Daniel Quinn’s 1992 novel Ishmael eluded me for a while yet managed to stay in the back of my mind until I recently remembered its unique premise. I was first introduced to the book when picking it up off my uncle’s bookshelf. He told me that it was one of his favorite books and described its story to me. Ishmael, an intelligent gorilla, can telepathically communicate with his student, an unnamed character seeking guidance in his life. This character meets Ishmael after seeing his ad in the newspaper looking for a pupil with an “earnest desire to save the world”. Most of the novel is a Socratic dialogue between the two, as the protagonist learns more about the world and the relationship humans have had with it, according to Ishmael’s lessons. I borrowed the book from my uncle for a little while but never read far into it. At the age I was at the time, reading wasn’t an activity I took much pleasure in. In the past weeks, I’ve finally read Ishmael and enjoyed the book’s thought-provoking perspective on issues larger than any one of us.
Their conversation begins with Ishmael’s backstory, explaining how he ended up in this apartment building alone. Afterward, he describes human culture’s influence on the student, forcing him to enact its harmful goals on the Earth. Ishmael’s objective is to show him the errors in this story’s way of life by identifying two distinct groups: Takers and Leavers. The Takers would be the agriculturalists who created civilization with the Leavers being those who remained hunter-gatherers. These Taker populations began to grow as Leaver groups became diminished, marginalized and sometimes attacked for their choice of lifestyle. Ishmael convinces his student that the Takers’ belief in human superiority is unrealistic. Their story is flawed and continually results in a culture of discontent, destruction, and death. Ishmael’s philosophy focuses on the principle of life that all species follow where no species wages war on another. His example is of a lion not killing an entire herd of gazelles but rather killing and eating the only one that it needs. Takers continually waging war on Earth’s plants and animals is a greedy violation of this principle, which will in time lead to the demise of humanity. The book depicts our world currently as in a slow free fall, before reaching the end of its flight in the future. There is only hope for humans to learn and experiment with new and creative survival methods in accordance with the environment.

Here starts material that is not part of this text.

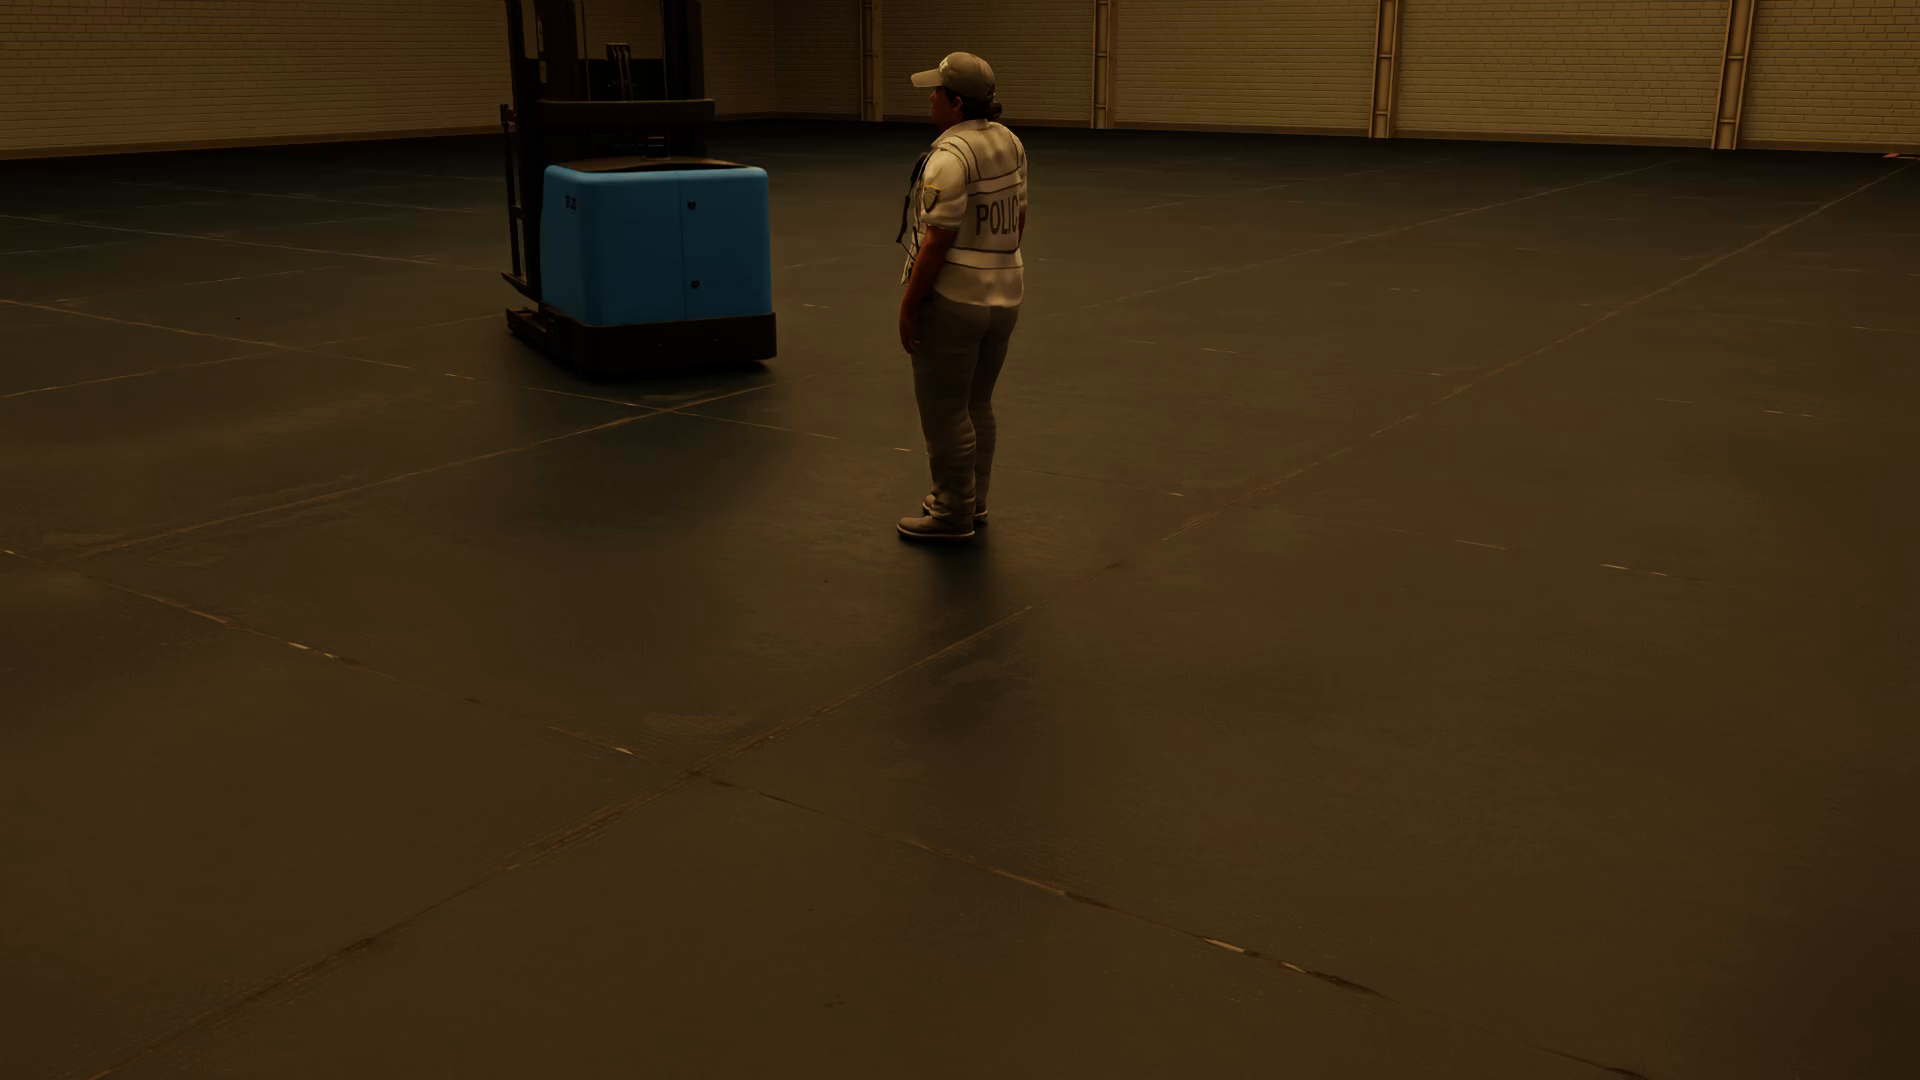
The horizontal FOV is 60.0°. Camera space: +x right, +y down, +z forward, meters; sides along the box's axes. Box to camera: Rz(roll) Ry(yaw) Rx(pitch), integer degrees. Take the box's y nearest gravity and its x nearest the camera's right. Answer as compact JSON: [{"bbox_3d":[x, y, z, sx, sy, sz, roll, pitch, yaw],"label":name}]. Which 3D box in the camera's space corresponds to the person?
[{"bbox_3d":[-0.050,-0.823,5.768,0.529,1.670,0.598,11,20,33],"label":"person"}]

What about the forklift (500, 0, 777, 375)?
[{"bbox_3d":[-2.105,-2.646,9.681,1.130,2.935,3.031,-8,18,-25],"label":"forklift"}]

The way the book is structured enhances its convincing nature, as Ishmael presents ideas and allows the student to grapple with them before accepting them. It makes the reader question what they believe in and think critically about the ideas presented. Quinn opts not to fearmonger to the reader about the end of our existence but rather make sense of how things got this way, and through that, the flaws and need for change emerge. Humans have stepped outside of their natural order, giving themselves the power to decide what is right and wrong for all life on Earth. Before this, we belonged to the Earth like all other life. Now the Earth belongs to us, leading to the problems we face like mass species extinctions, food shortages, and overpopulation. I can’t fully convey its ideas here, so I encourage everyone to read Ishmael. Its relatively short length and methodical pace are still able to convey worthwhile ideas and be easily understood. In short, the book functions as a new outlook on humanity and its place on Earth and a call to action for change. More than anything else, as humans, we must live harmoniously with our environment instead of manipulating and controlling it for ourselves.